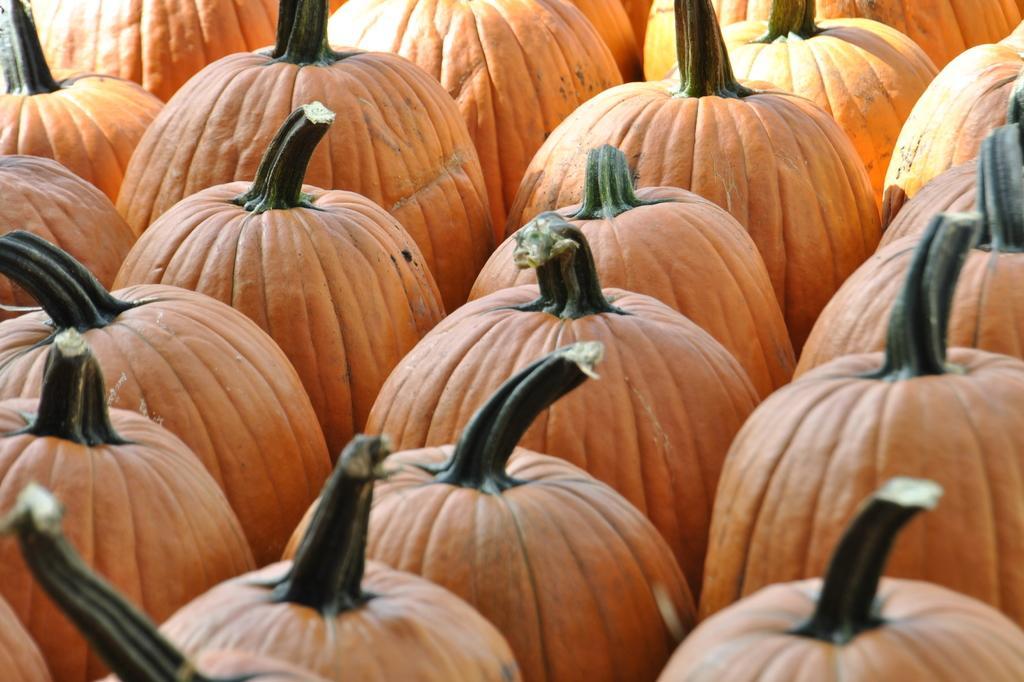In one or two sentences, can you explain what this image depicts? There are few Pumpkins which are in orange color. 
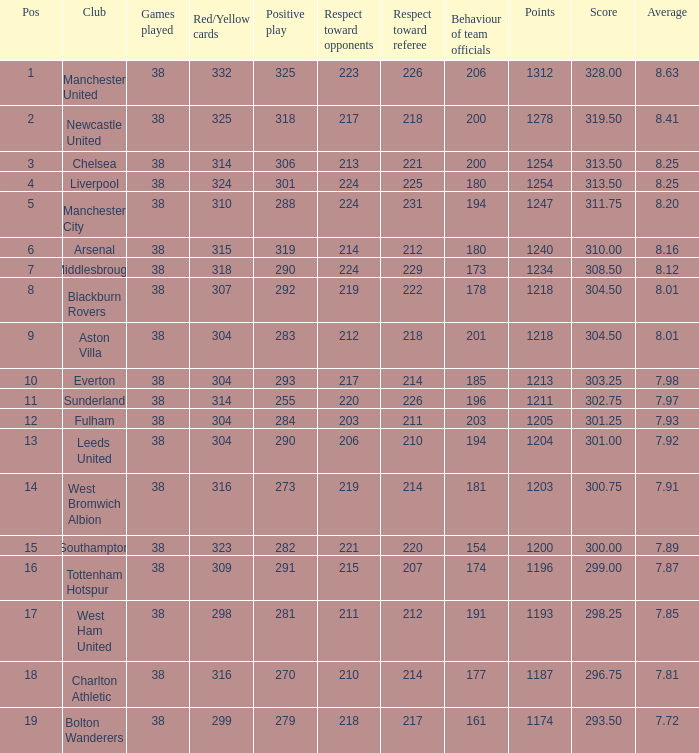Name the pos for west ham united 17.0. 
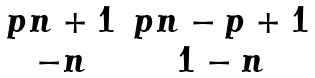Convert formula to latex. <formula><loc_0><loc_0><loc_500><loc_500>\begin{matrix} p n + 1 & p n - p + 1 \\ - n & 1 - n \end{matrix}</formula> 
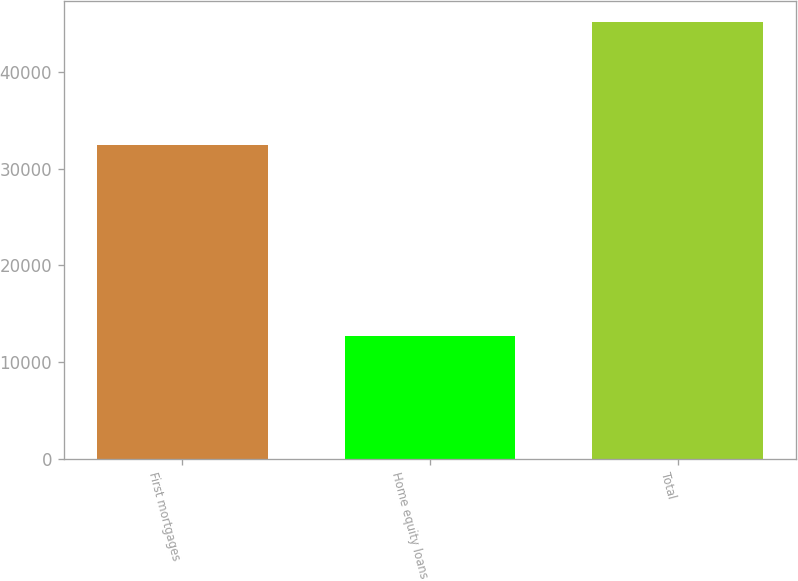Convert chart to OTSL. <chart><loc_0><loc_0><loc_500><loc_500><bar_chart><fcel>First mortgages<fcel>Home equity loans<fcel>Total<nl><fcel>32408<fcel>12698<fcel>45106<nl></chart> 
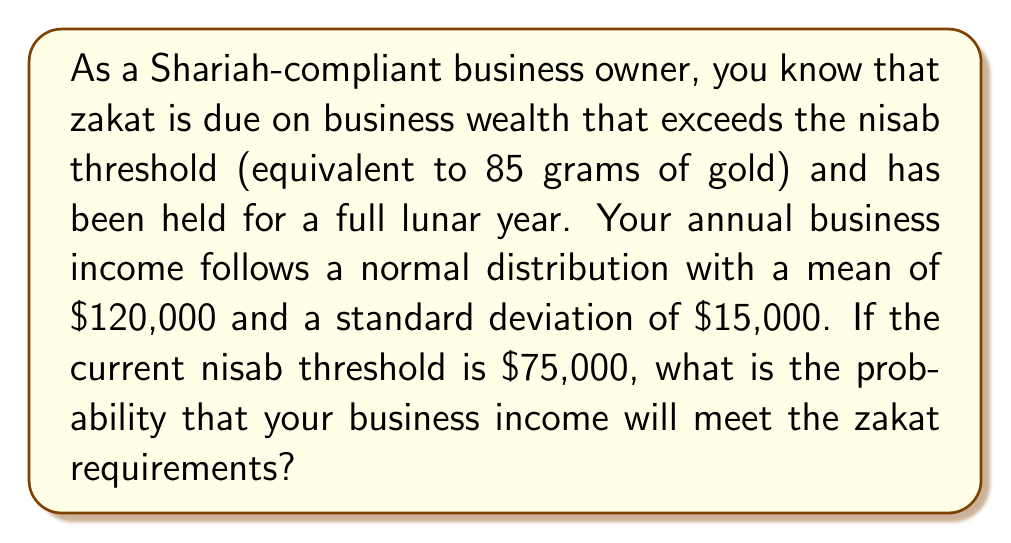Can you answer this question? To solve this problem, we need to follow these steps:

**Work instruction:** Images in the data above are to be skipped. Retype all other material exactly.

**Exercise answer:**
In one or two sentences, can you explain what this image depicts? There are few Pumpkins which are in orange color. 
Name the pos for west ham united 17.0. 
Convert formula to latex. <formula><loc_0><loc_0><loc_500><loc_500>\begin{matrix} p n + 1 & p n - p + 1 \\ - n & 1 - n \end{matrix}</formula> 
Convert chart to OTSL. <chart><loc_0><loc_0><loc_500><loc_500><bar_chart><fcel>First mortgages<fcel>Home equity loans<fcel>Total<nl><fcel>32408<fcel>12698<fcel>45106<nl></chart> 
Can you answer this question? To solve this problem, we need to follow these steps:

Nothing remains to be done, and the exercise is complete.